Hi @ansell, you can find the new data dump on the upload server. When loading it, could you make sure the option to delete existing values for fields that are delivered as empty cells is turned on? That will get rid of a lot of fields that we don't use anymore and some very early aggregation errors (or just incorrect provided values) as well.

ansell commented 5 years ago

@nielsklazenga The filename you added, determinationhistory.csv didn't match the file name in the meta.xml file, identificationhistory.csv. I manually patched it on my end but you should also fix it on your end.

I am not familiar with an option to delete existing values for fields that are delivered as empty cells. I will look into that.

nielsklazenga commented 5 years ago

@ansell, sorry for not getting back to you earlier. I will change the name of the identification history file in the meta.xml (or the other way around). @M-Nicholls will know what I am talking about re the null values, but it probably doesn't matter so much for now, as we will be doing this again in some form or another anyway.

nielsklazenga commented 5 years ago

@ansell. I had reason to look at AVH just then and the numbers of records for each herbarium look good. Can you confirm that the upload was successful?

Also, the reason I was looking was that someone told me that the links to AVH records in VicFlora were broken (these links are only in the editing interface, so this is not as bad as it sounds). Was it expected that the UUIDs would change?

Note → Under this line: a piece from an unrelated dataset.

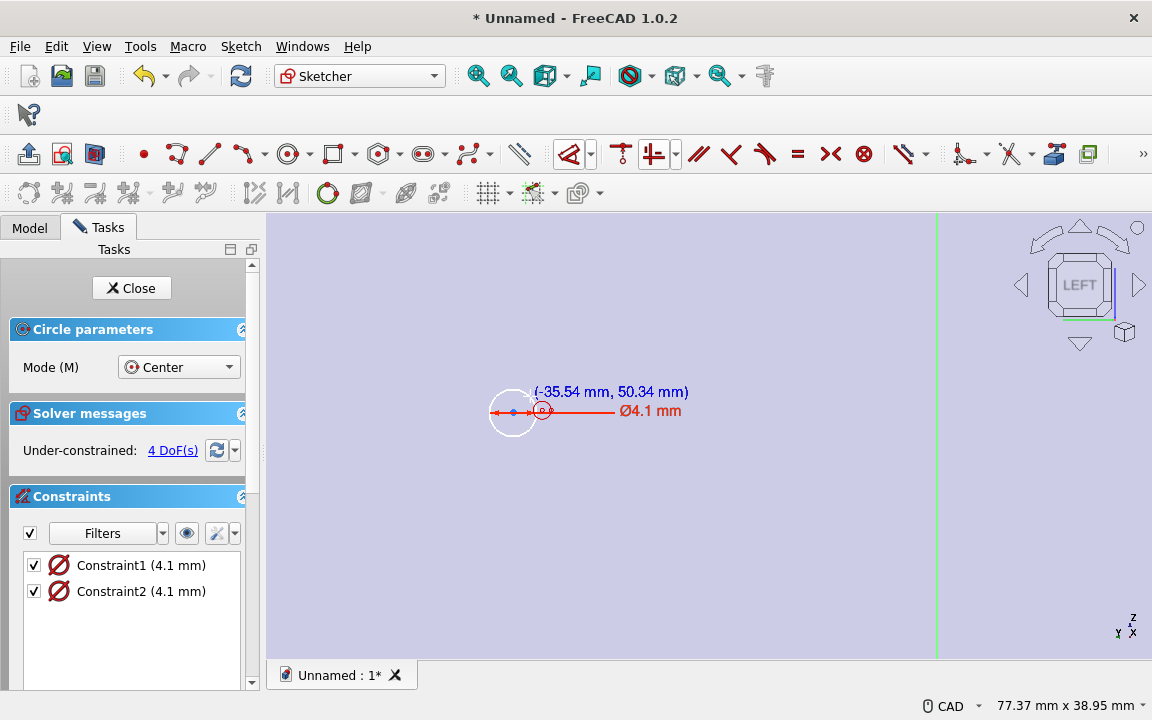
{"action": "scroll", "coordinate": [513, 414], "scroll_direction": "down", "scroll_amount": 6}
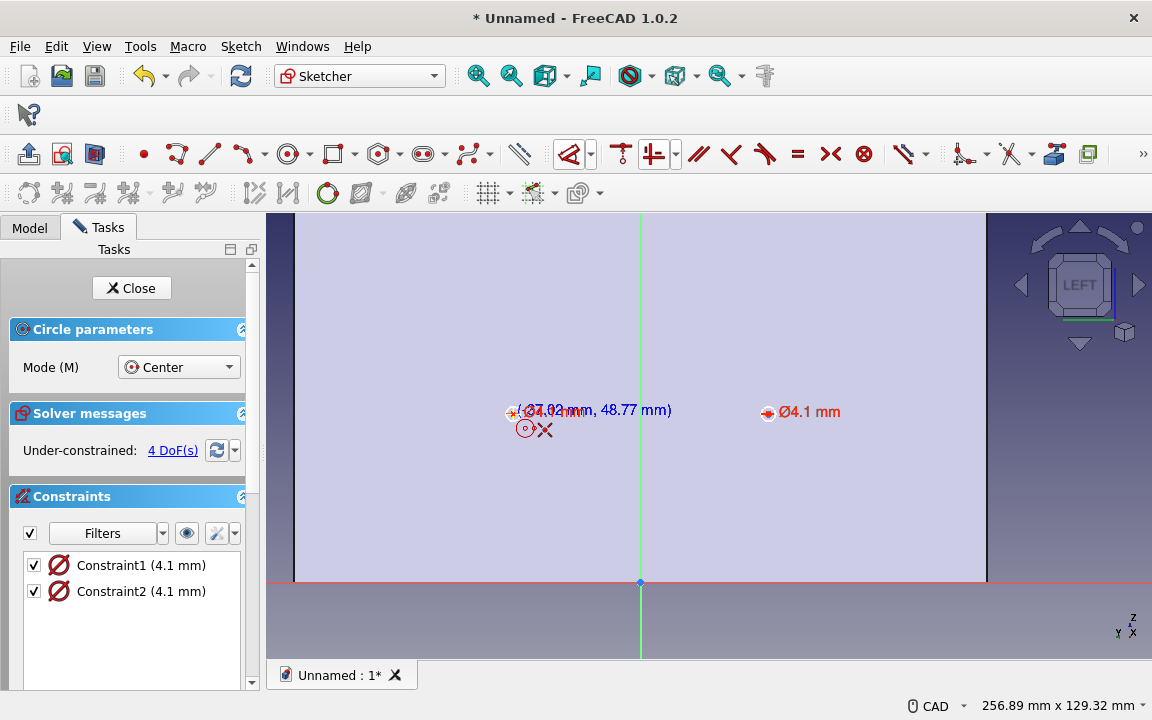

ansell commented 5 years ago

Yes, the ALA UUIDs are not stable if the loaded identifiers change. In this case, the change involving space characters, occurred a while ago and at that time there was a hack put in to specifically support AVH. Both the first and second duplicate record bugs--biocache-store Darwin Core Archive key bug, and not including the removeSpaces hack after that--mean that the original UUIDs are not likely to match the current records. Any references into the ALA should be done using searches rather than the record URLs.

nielsklazenga commented 5 years ago

Thanks @ansell for all your work on this. I'll try a delta next week.

Putting in a search string is a good temporary solution for my issue in VicFlora. VicFlora is meant to reload to reload data from AVH every day, so the UUIDs should be stable enough for that, especially since I know when they are likely to change, but I never got around to quite finishing that bit.